Constantly Starting & Stopping
Are you over your furnace switching on and off throughout the day? Not only is it annoying, but it’s also terrible for the health of your furnace. Wait a minute, then try to turn it back on. If it’s still acting wonky, save it from a major failure and contact a technician to inspect the ignitor as soon as possible. In these situations, the furnace ignitor is probably on its last leg and unable to hold a charge. Because of this, the furnace doesn’t have enough time to heat up, so your household gets stuck with the cold.
Tripped Circuit Breaker
Earlier, we talked about checking to see whether or not your furnace was off because of a tripped circuit breaker. But, if you notice that the circuit breaker is tripping every time air blows out of the furnace, then this is actually an issue with the ignition system. Remember, starting and stopping wears down your furnace and could spell issues for your home’s electrical system. Although the fix could be as simple as replacing the furnace ignitor, call us for a visit and turn off the furnace at the breaker until we arrive.
Clicking Sound & Nothing Happens
With many types of furnaces, including direct spark or intermittent pilot ignition systems, you’ll hear a “click” when the ignitor lights the burner. From there, the air ducts should begin to circulate warm air throughout your house. However, if you hear a clicking sound but don’t feel any air blowing out, we recommend that you power off the furnace and have a certified contractor come over to troubleshoot the ignition system in your unit. We want you and your family to remain safe as you have a professional deal with the matter!
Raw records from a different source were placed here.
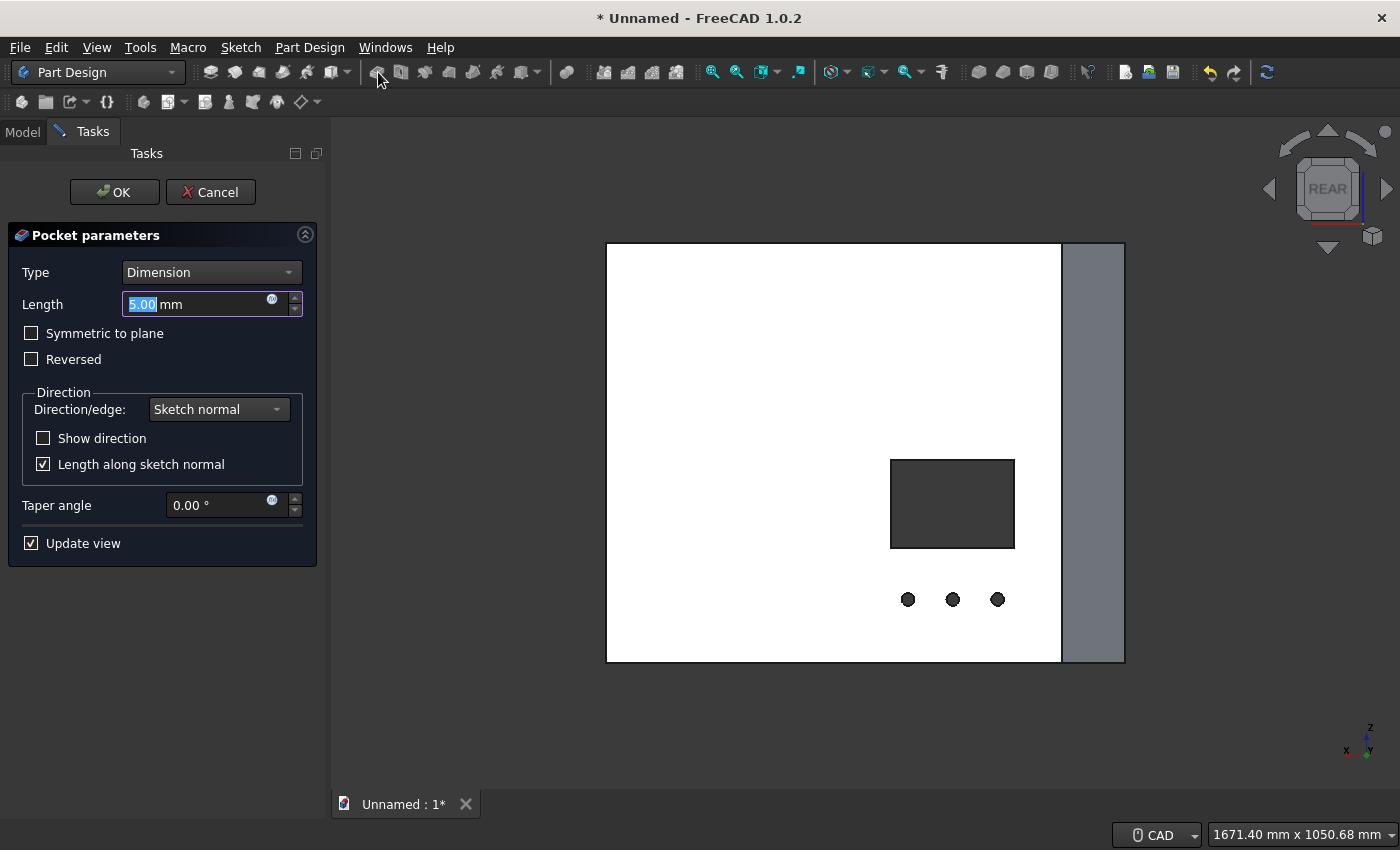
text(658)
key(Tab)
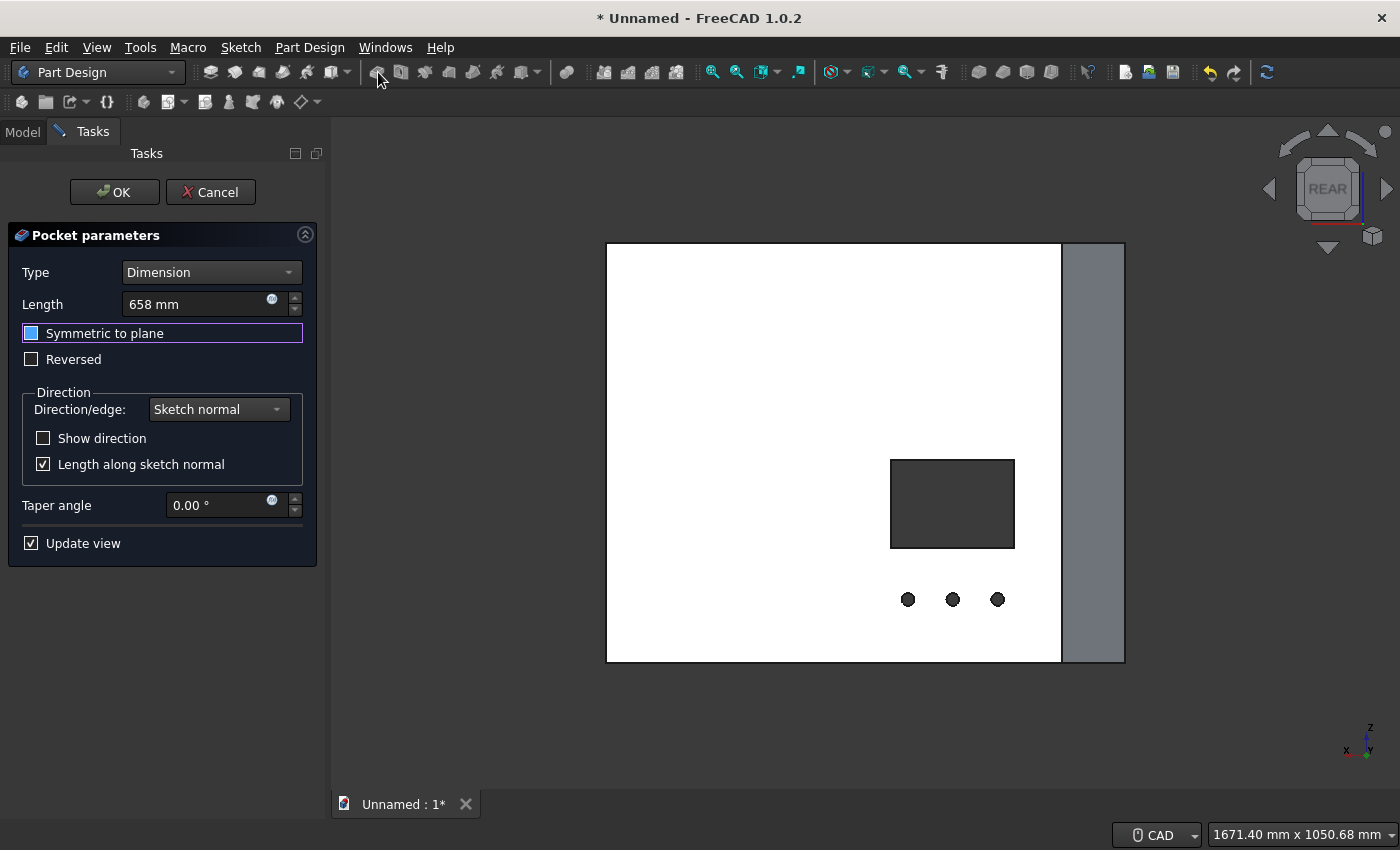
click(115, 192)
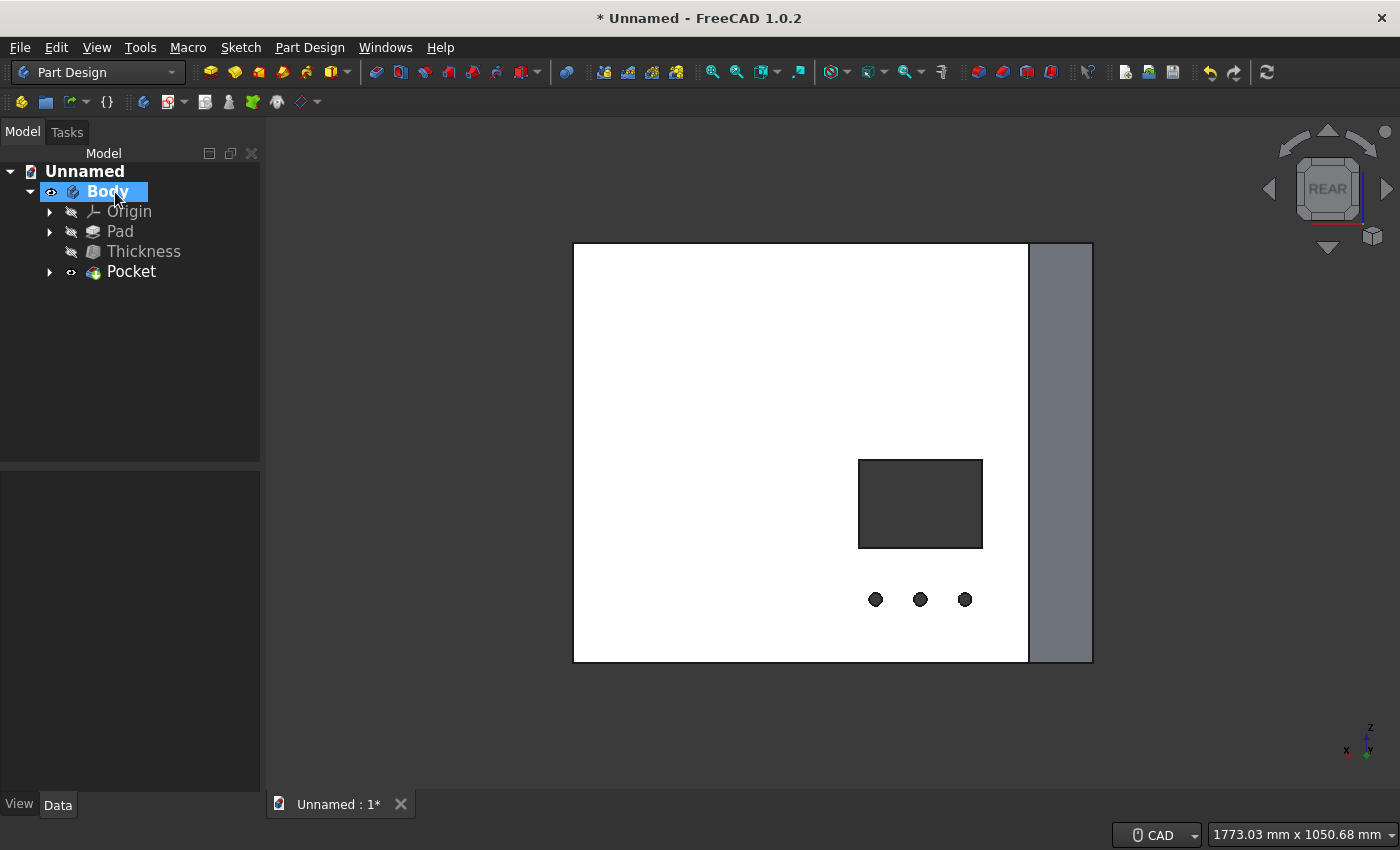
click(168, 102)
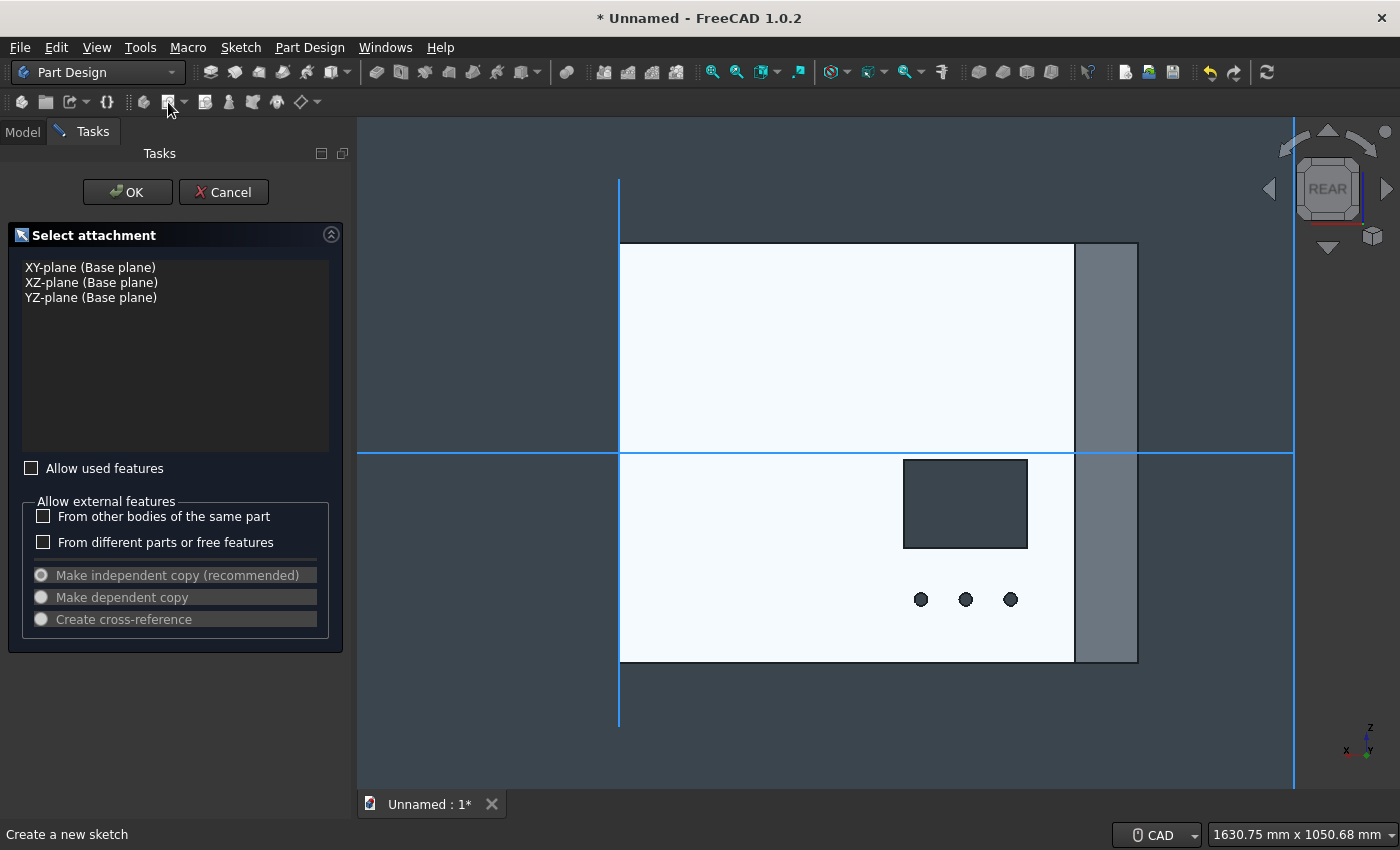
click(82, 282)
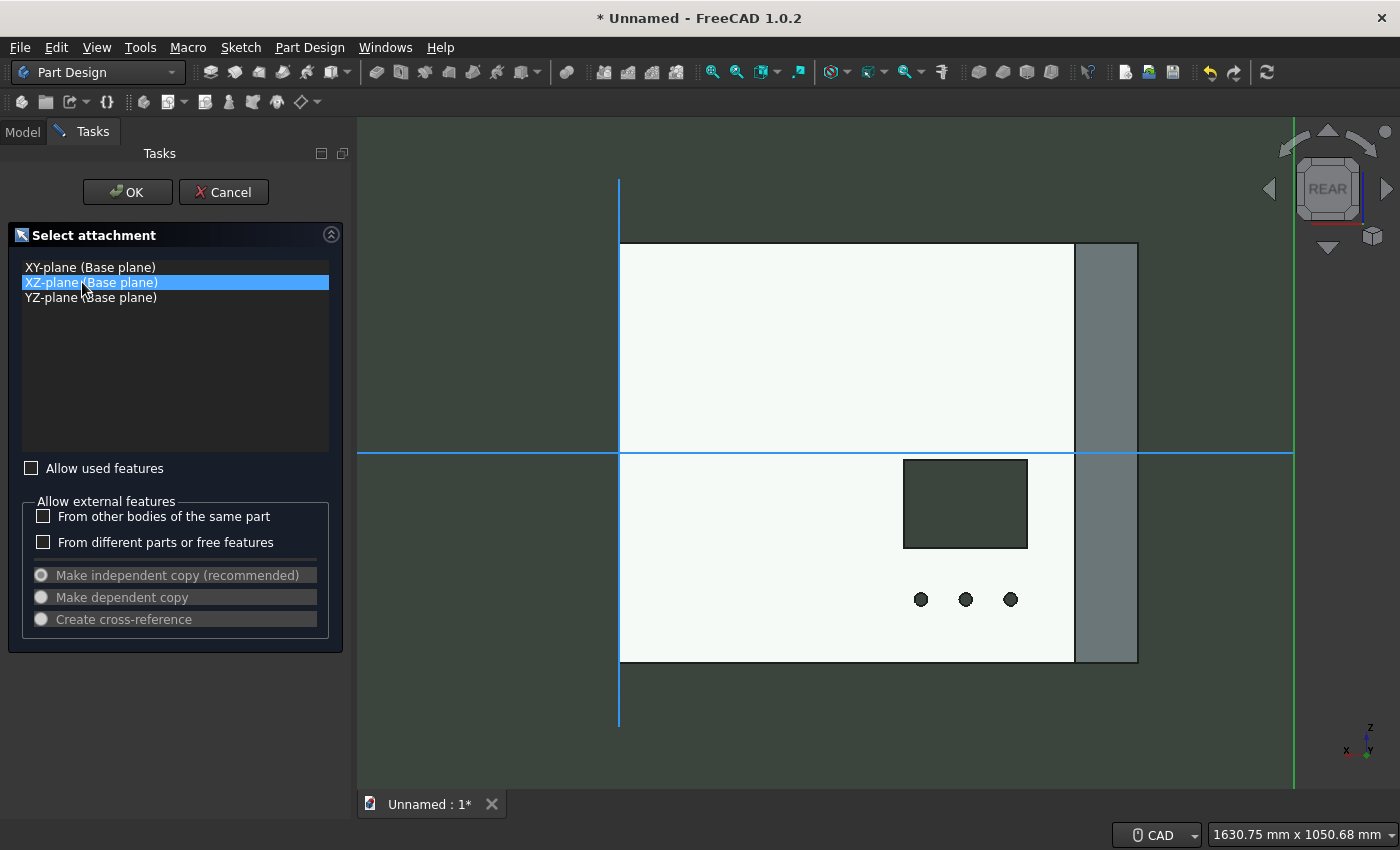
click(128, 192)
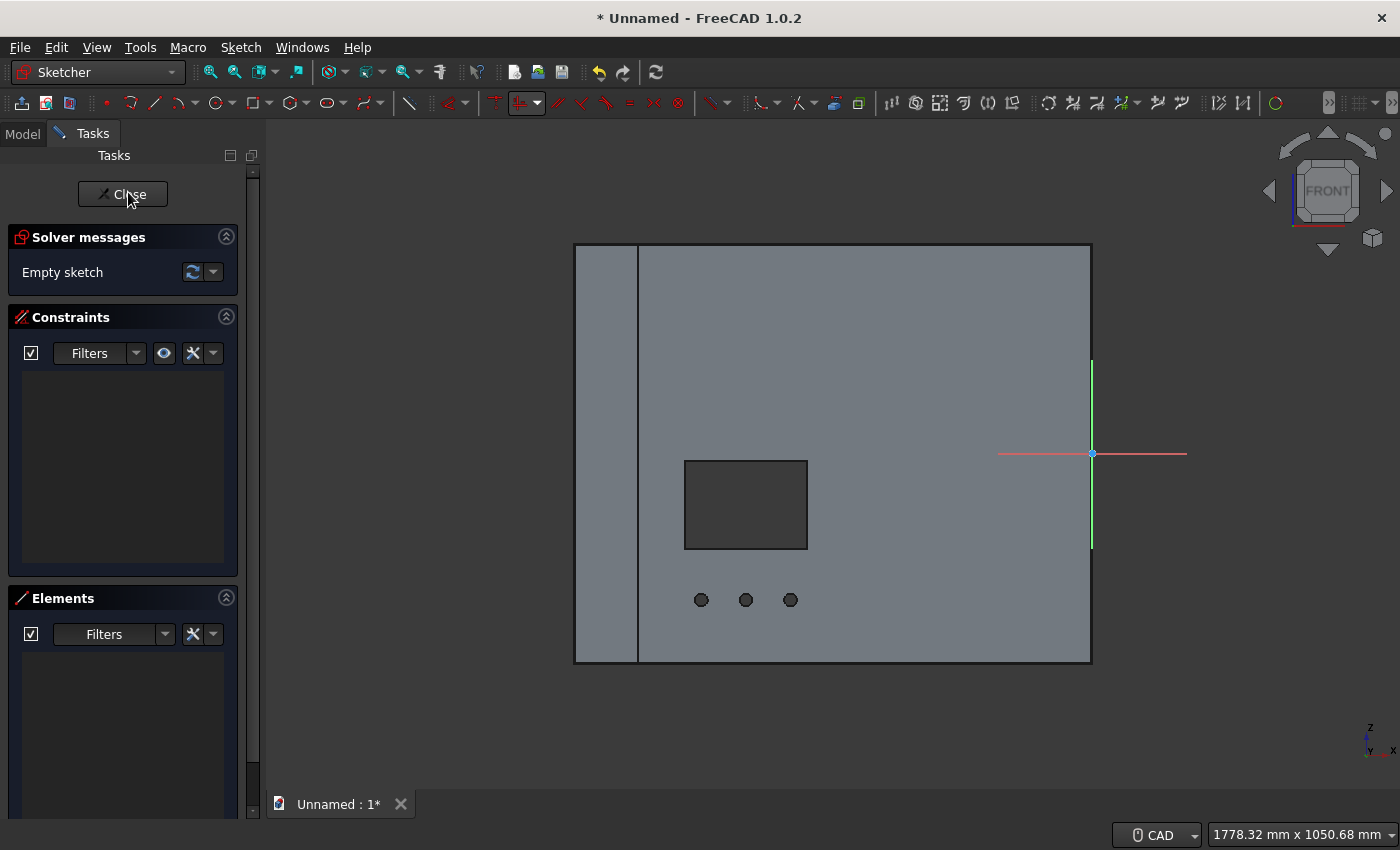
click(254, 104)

Furnace Repair & Installation Services
Whether it’s your furnace ignitor or another piece of HVAC equipment that’s acting up, the team of technicians at Snell Heating and Air Conditioning are more than capable of performing exceptional furnace repair and furnace installation services. In addition, our staff offers dependable furnace tune-up solutions to ensure you are ready for the cold weather. All our furnace specialists are licensed, certified, and highly trained so that you are getting the highest level of support. Let’s put the warmth back into your home. Schedule an appointment here or at (703) 543-9649 today.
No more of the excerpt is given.